Мы не принадлежим к числу проповедников насилия; мы не занимаемся и тем, чтобы постоянно ругать фабрикантов и капиталистов, как либеральные буржуа когда-то постоянно ругали попов; мы не хотим толкать людей на то или другое дело, на тот или иной поступок. Мы убеждены, что люди делают только то, на что твердо решились сами, и что проповедовать какой-нибудь поступок можно только примером, а не словами или советами; вот почему мы ограничиваемся тем, что выводим известные логические последствия, предоставляя каждому выбирать тот способ действия, который кажется ему наилучшим. Но мы уверены, вместе с тем, что чем лучше будут поняты и чем больше будут развиваться наши идеи, тем многочисленнее будут и акты революционного протеста.
Чем глубже проникнут наши взгляды в массу, тем сознательнее она будет становиться, тем живее будет в ней чувство собственного достоинства, и тем менее она, следовательно, будет склонна переносить притеснения со стороны властей и эксплуатацию со стороны капиталистов; тем чаще и многочисленнее станут в ней проявления духа независимости. И это не только не огорчает нас, но совершенно наоборот: каждый акт индивидуального протеста – лишний удар топора в давящее нас старое общественное здание. А раз уже прогресс не может обойтись без потрясений и жертв, то мы можем только приветствовать тех, кто погибает в буре, и надеяться, что их пример вызовет новых подражателей, более многочисленных и лучше вооруженных, и что их удары будут еще сильнее.

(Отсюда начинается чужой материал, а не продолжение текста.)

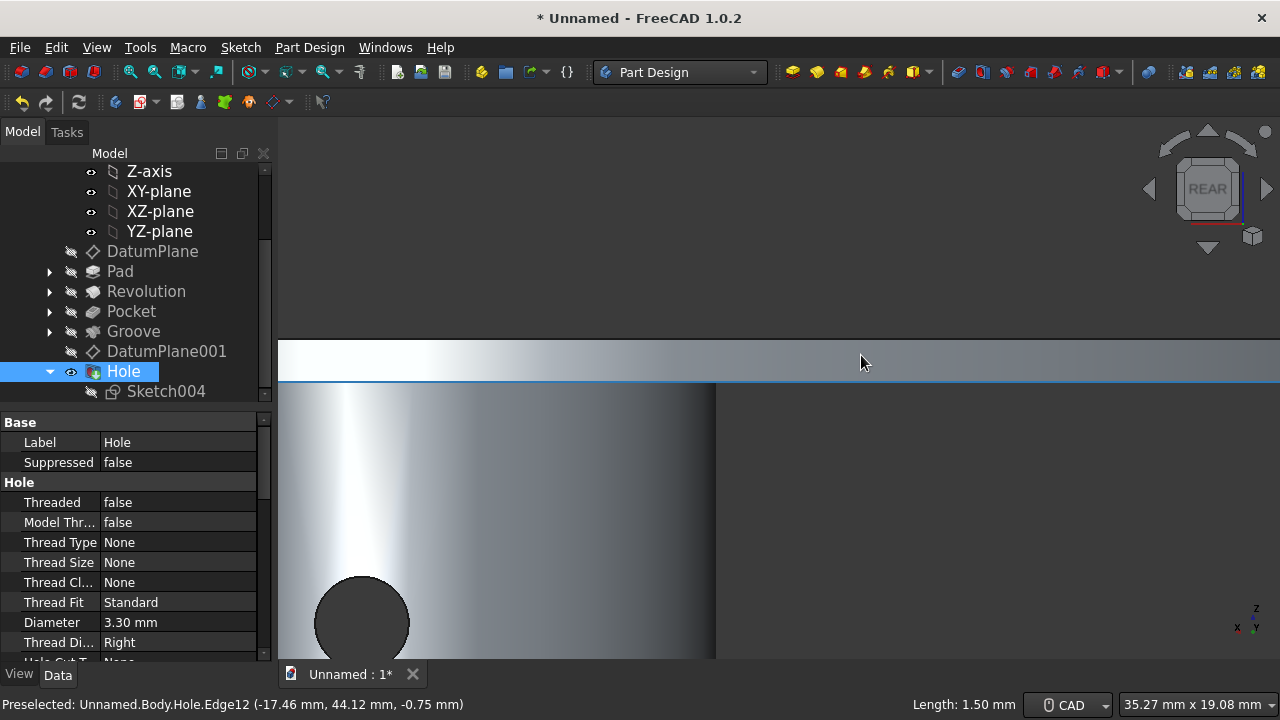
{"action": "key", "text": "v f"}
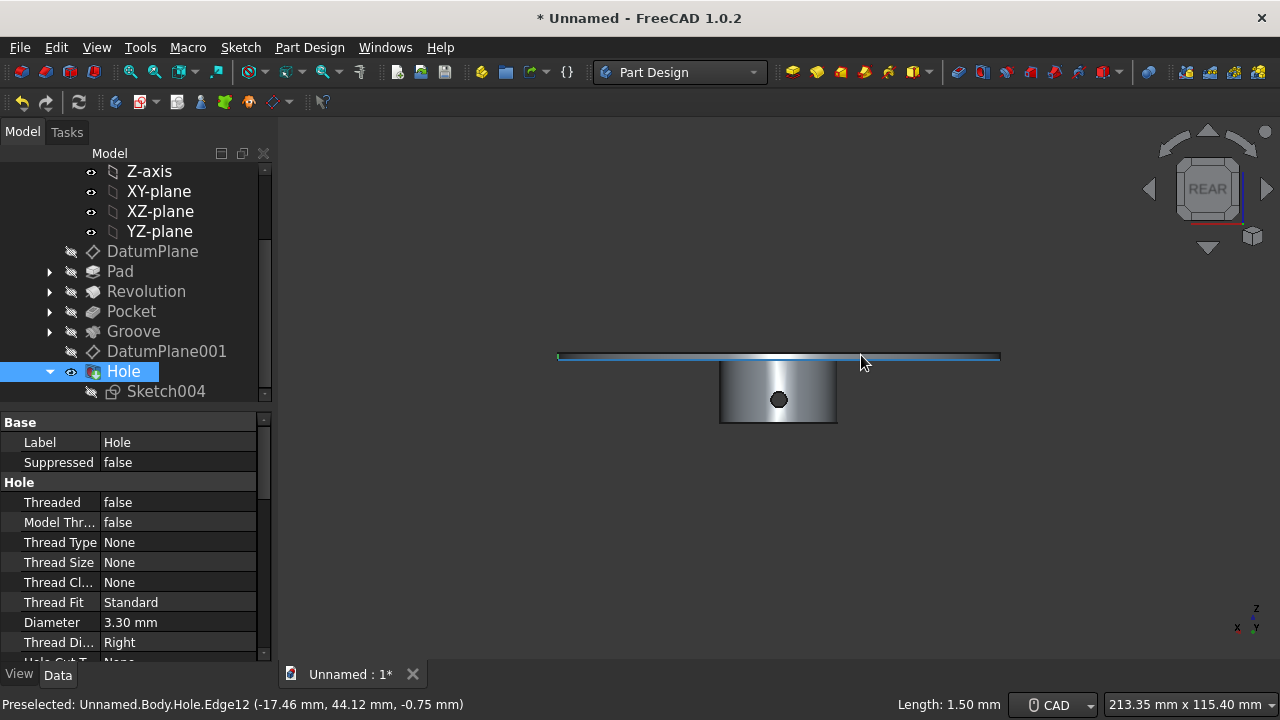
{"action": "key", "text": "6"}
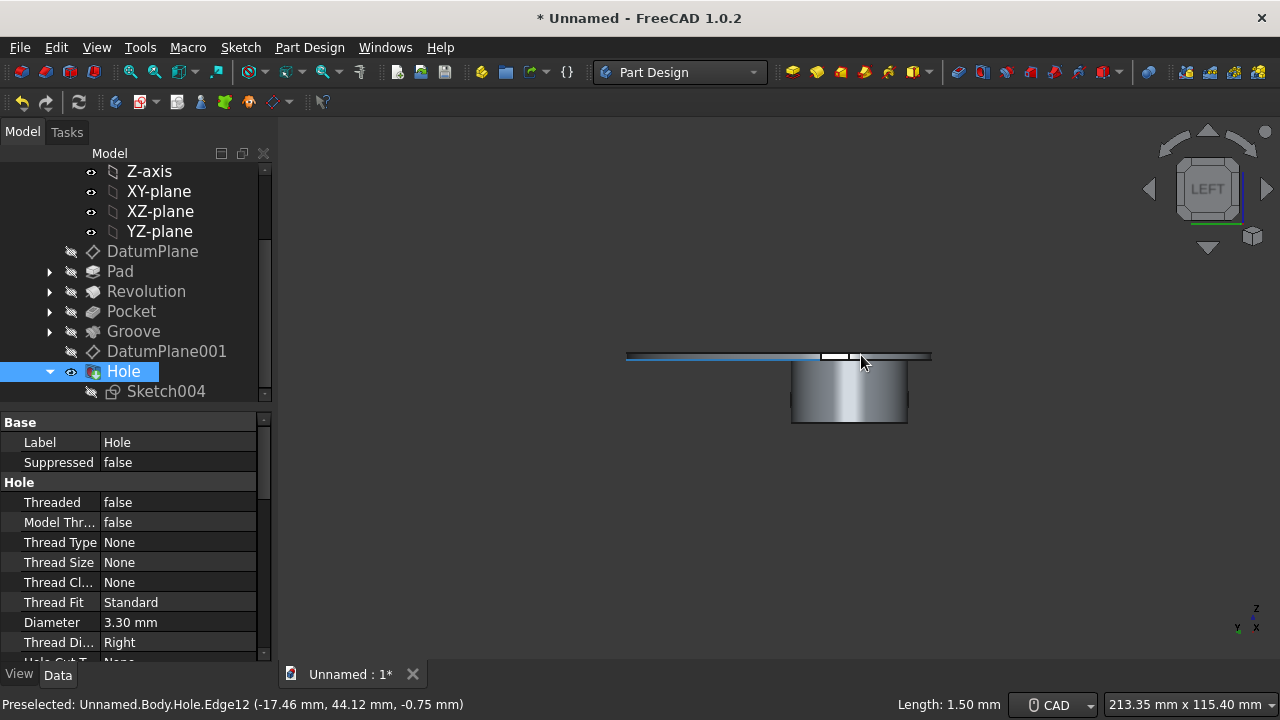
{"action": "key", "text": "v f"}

Но каково бы ни было число гибнущих в борьбе, это число все-таки очень мало в сравнении с теми бесчисленными жертвами, которых постоянно поглощает чудовищная пасть нашего общества. И чем напряжённое будет борьба, тем меньше будет её продолжительность, а, следовательно, тем больше окажется спасенных человеческих жизней – жизней, которые иначе были бы осуждены на нужду, болезни, истощение и вырождение.